The endpoint of its diameter is (1,0) and (-3,4) , find the equation of the circle?

Question

how Find the equation of circle which passes through the points A(1,3) B(3,-1) C(4,0)? too?

Answer 1

(1).

The endpoints of the diameter are (1, 0) and (-3, 4).

The center of the circle = The midpoint of the two points (1, 0) and (-3, 4)

                                     =[(1-3)/2, (0+4)/2]

                                     = (-1, 2).

Radius of the circle = The distance between two points (1, 0) and (-1, 2).

                               = sqrt[(2-0)^2+(-1-1)^2]

                               = sqrt[4+4]

                               = sqrt[8].

Standard form of circle equation : (x - h)^2 + (y - k)^2 = r^2, where (h, k) = center and t = radius.

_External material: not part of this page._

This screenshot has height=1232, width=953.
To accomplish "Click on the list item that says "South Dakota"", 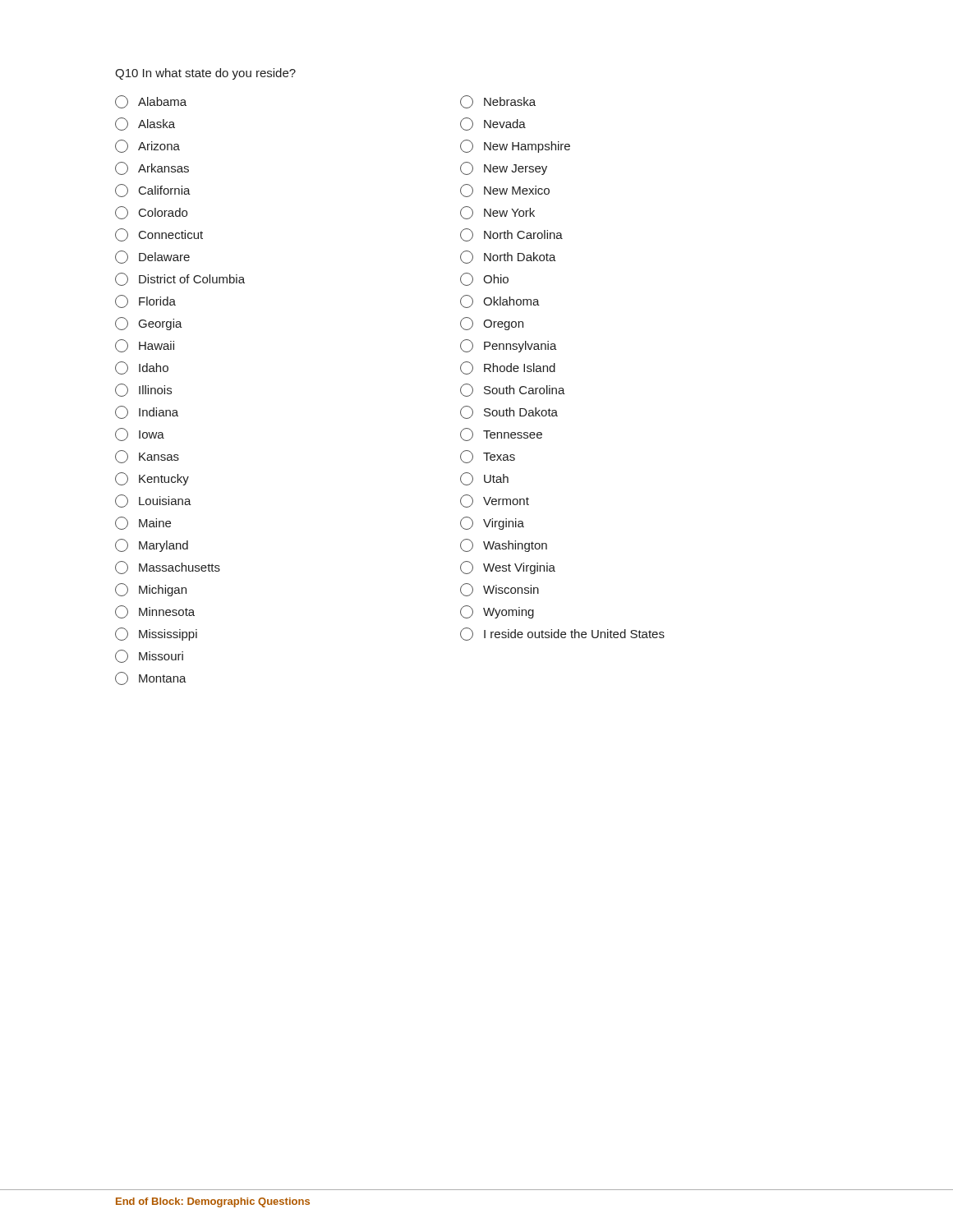I will pyautogui.click(x=509, y=412).
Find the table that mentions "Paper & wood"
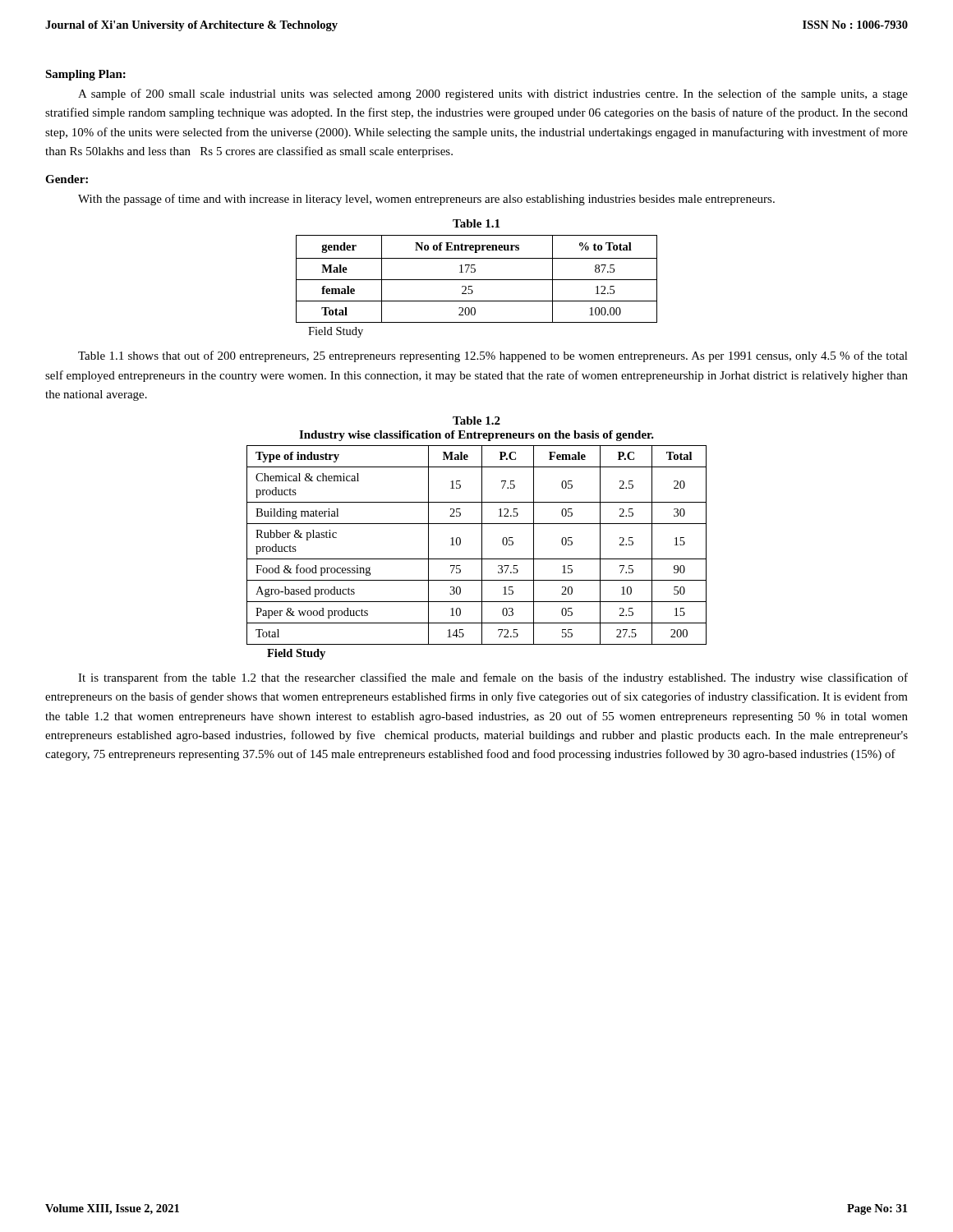 click(x=476, y=545)

[x - (-1)]^2 + [y - (2)]^2 = 8

(x + 1)^2 + (y - 2)^2 = 8.

Answer 2

(2).

The points on the circle are A(1, 3), B(3, -1) and C(4, 0).

The general equation of the circle is x^2 + y^2 +2gx +2fy + c = 0.

A(1, 3) ---> (1)^2 + (3)^2 +2g(1) +2f(3) + c = 0 ------> 2g +6f + c = -10 -----> (1).

B(3, -1) ---> (3)^2 + (-1)^2 +2g(3) +2f(-1) + c = 0 ------> 6g - 2f + c = -10 ------> (2).

(4, 0) ---> (4)^2 + (0)^2 +2g(4) +2f(0) + c = 0 ----> 8g + c = -16 ----> c = -16 - 8g ----> (3).

Equation 1: 2g +6f + (-16 - 8g) = -10 -----> - 6g +6f = 6 -----> - g + f = 1 -----> (4).

Equation 2: 6g - 2f + (-16 - 8g) = -10 -----> - 2g - 2f = 6 ----->  g + f = -3 -----> (5).

Add equation 4 and equation 5 -----> 2f = -2 ---> f = -2.

From equation 4: - g + (-2) = 1 -----> g = -3

From equation 3: c = -16 - 8(-3) -----> c = 8.

The circle equation is x^2 + y^2 -6x -4y + 8 = 0.